TASK REQUIREMENTS: Exact copy, no pictures: output all the records that follow.
======== RECORDS TO PROCESS ========
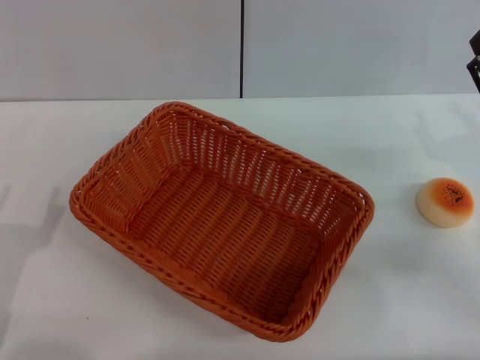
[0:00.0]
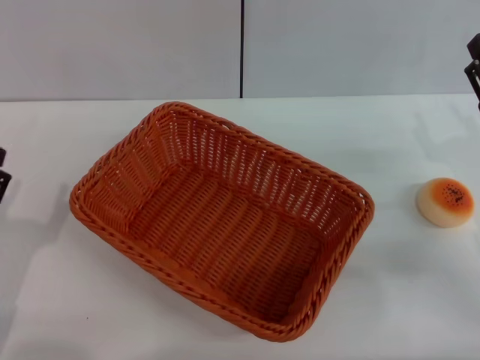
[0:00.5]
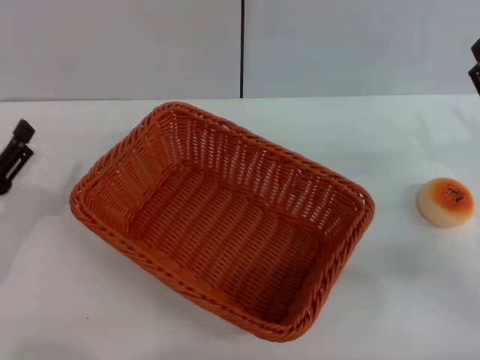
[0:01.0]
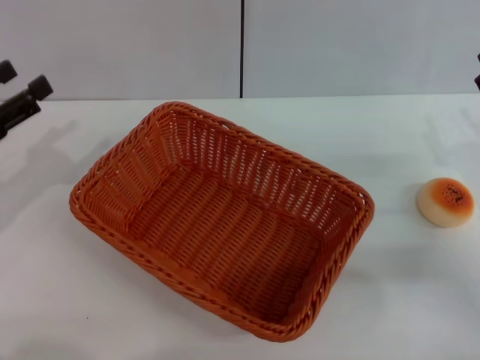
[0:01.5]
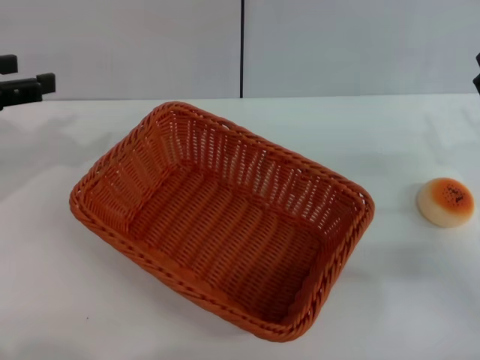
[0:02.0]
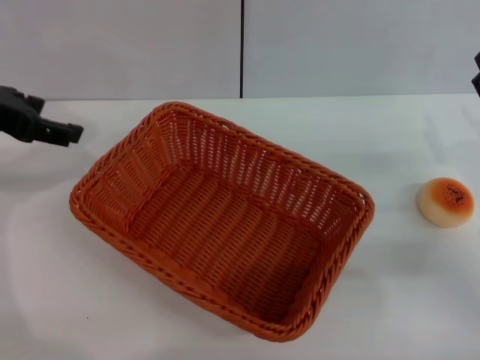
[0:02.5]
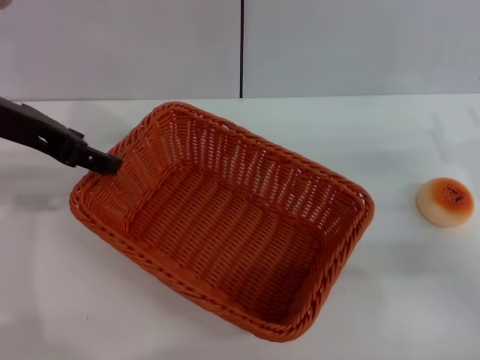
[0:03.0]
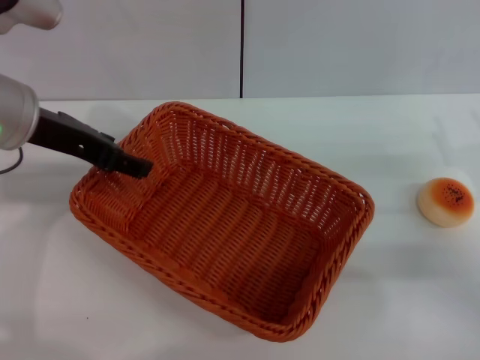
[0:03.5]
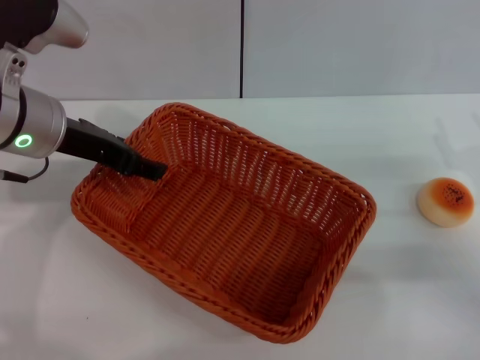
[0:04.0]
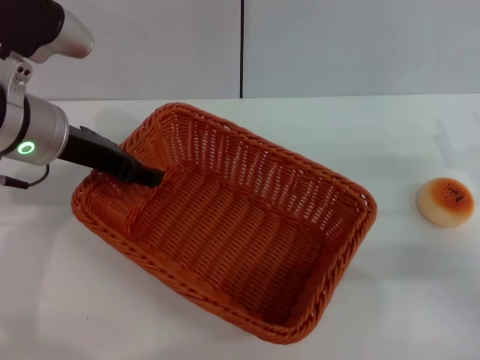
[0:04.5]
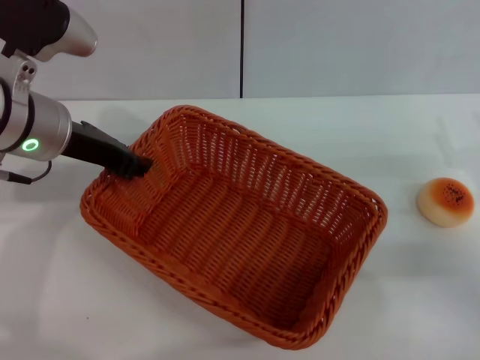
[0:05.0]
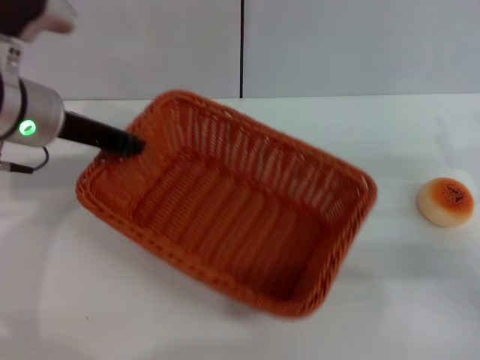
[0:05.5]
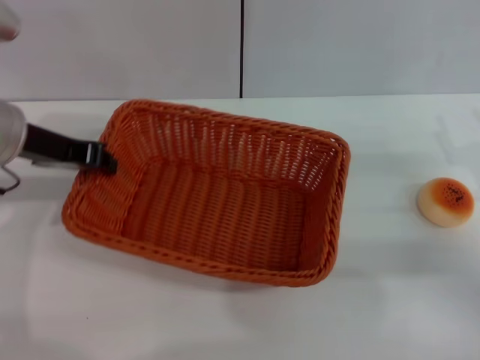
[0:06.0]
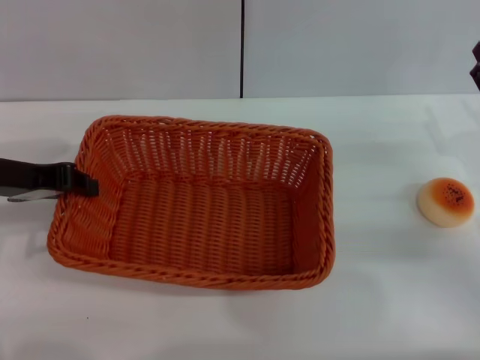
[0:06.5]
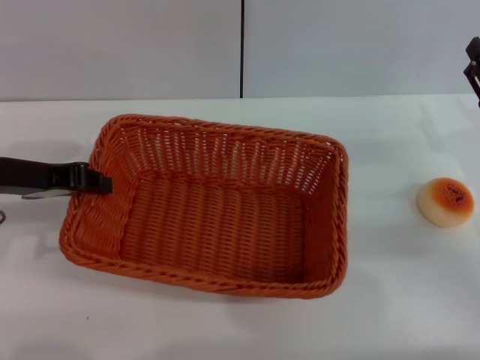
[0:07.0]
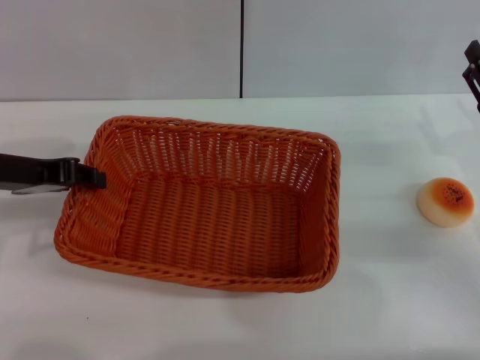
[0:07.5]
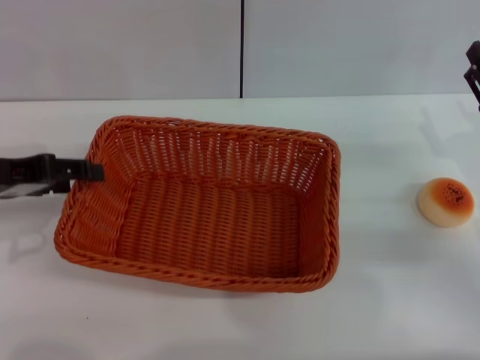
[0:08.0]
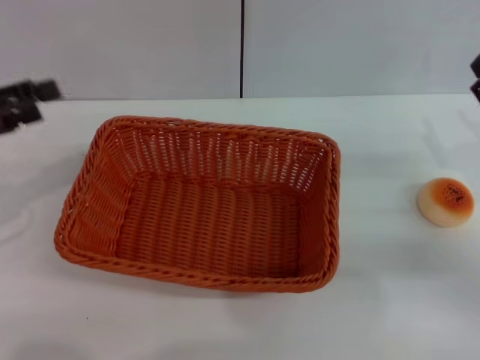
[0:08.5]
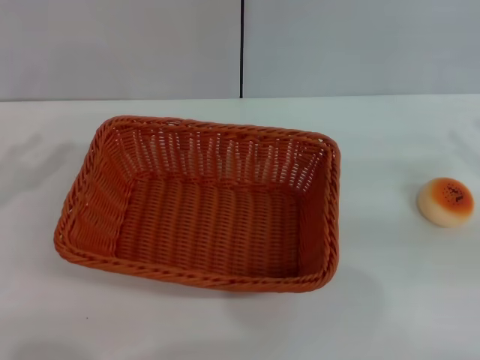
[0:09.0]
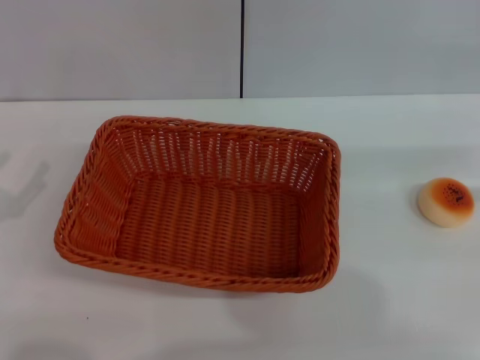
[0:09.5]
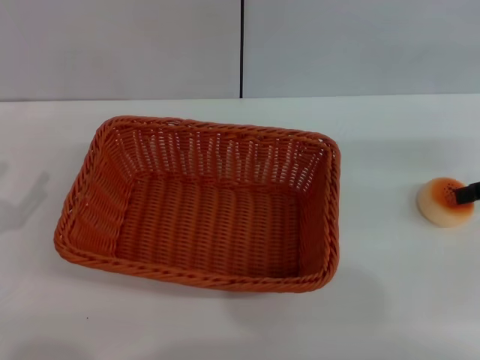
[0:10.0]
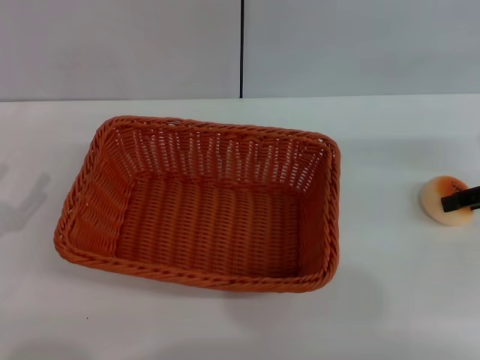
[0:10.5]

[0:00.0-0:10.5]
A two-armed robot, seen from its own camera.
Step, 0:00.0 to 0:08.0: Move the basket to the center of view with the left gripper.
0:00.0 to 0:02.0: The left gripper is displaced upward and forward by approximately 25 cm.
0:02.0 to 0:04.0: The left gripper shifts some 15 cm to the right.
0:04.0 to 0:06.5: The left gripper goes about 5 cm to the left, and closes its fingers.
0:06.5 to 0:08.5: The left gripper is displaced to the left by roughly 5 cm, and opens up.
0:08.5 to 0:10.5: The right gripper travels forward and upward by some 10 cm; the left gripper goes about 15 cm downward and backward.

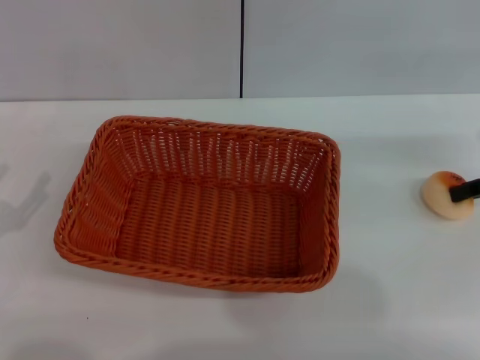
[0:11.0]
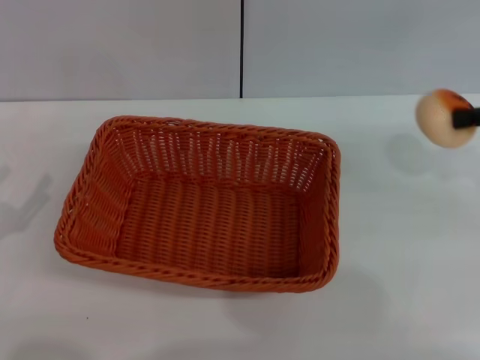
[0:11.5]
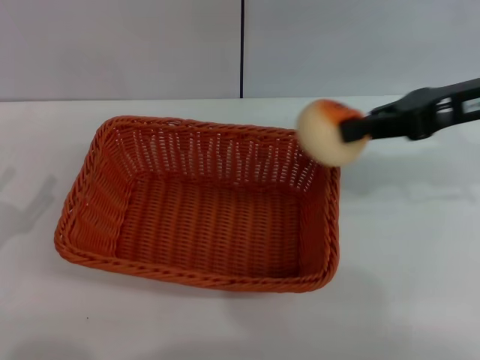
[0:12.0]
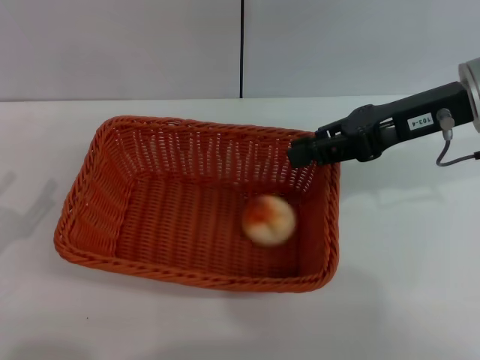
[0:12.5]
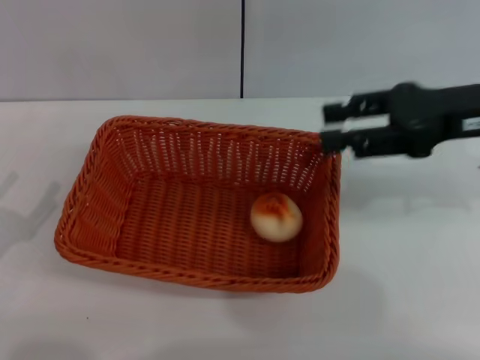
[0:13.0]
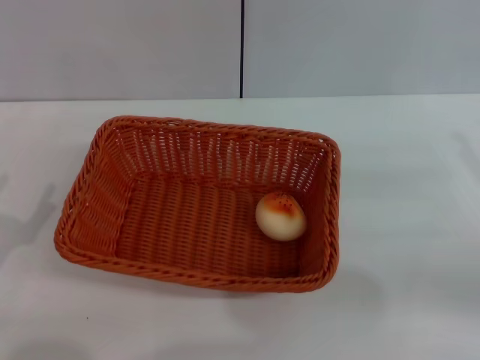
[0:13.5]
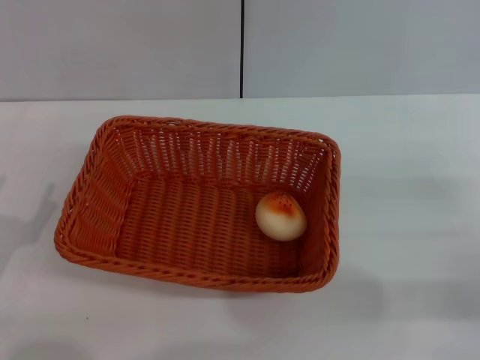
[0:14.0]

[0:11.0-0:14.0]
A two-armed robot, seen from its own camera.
========
RESULT BELOW:
[0:00.0]
[0:00.5]
[0:01.0]
[0:01.5]
[0:02.0]
[0:02.5]
[0:03.0]
[0:03.5]
[0:04.0]
[0:04.5]
[0:05.0]
[0:05.5]
[0:06.0]
[0:06.5]
[0:07.0]
[0:07.5]
[0:08.0]
[0:08.5]
[0:09.0]
[0:09.5]
[0:10.0]
[0:10.5]

[0:00.0-0:10.5]
A two-armed robot, seen from its own camera.
Step, 0:00.0 to 0:08.0: Move the basket to the center of view with the left gripper.
0:00.0 to 0:02.0: The left gripper is displaced upward and forward by approximately 25 cm.
0:02.0 to 0:04.0: The left gripper shifts some 15 cm to the right.
0:04.0 to 0:06.5: The left gripper goes about 5 cm to the left, and closes its fingers.
0:06.5 to 0:08.5: The left gripper is displaced to the left by roughly 5 cm, and opens up.
0:08.5 to 0:10.5: The right gripper travels forward and upward by some 10 cm; the left gripper goes about 15 cm downward and backward.

[0:11.0]
[0:11.5]
[0:12.0]
[0:12.5]
[0:13.0]
[0:13.5]
[0:14.0]

[0:11.0-0:14.0]
A two-armed robot, seen from its own camera.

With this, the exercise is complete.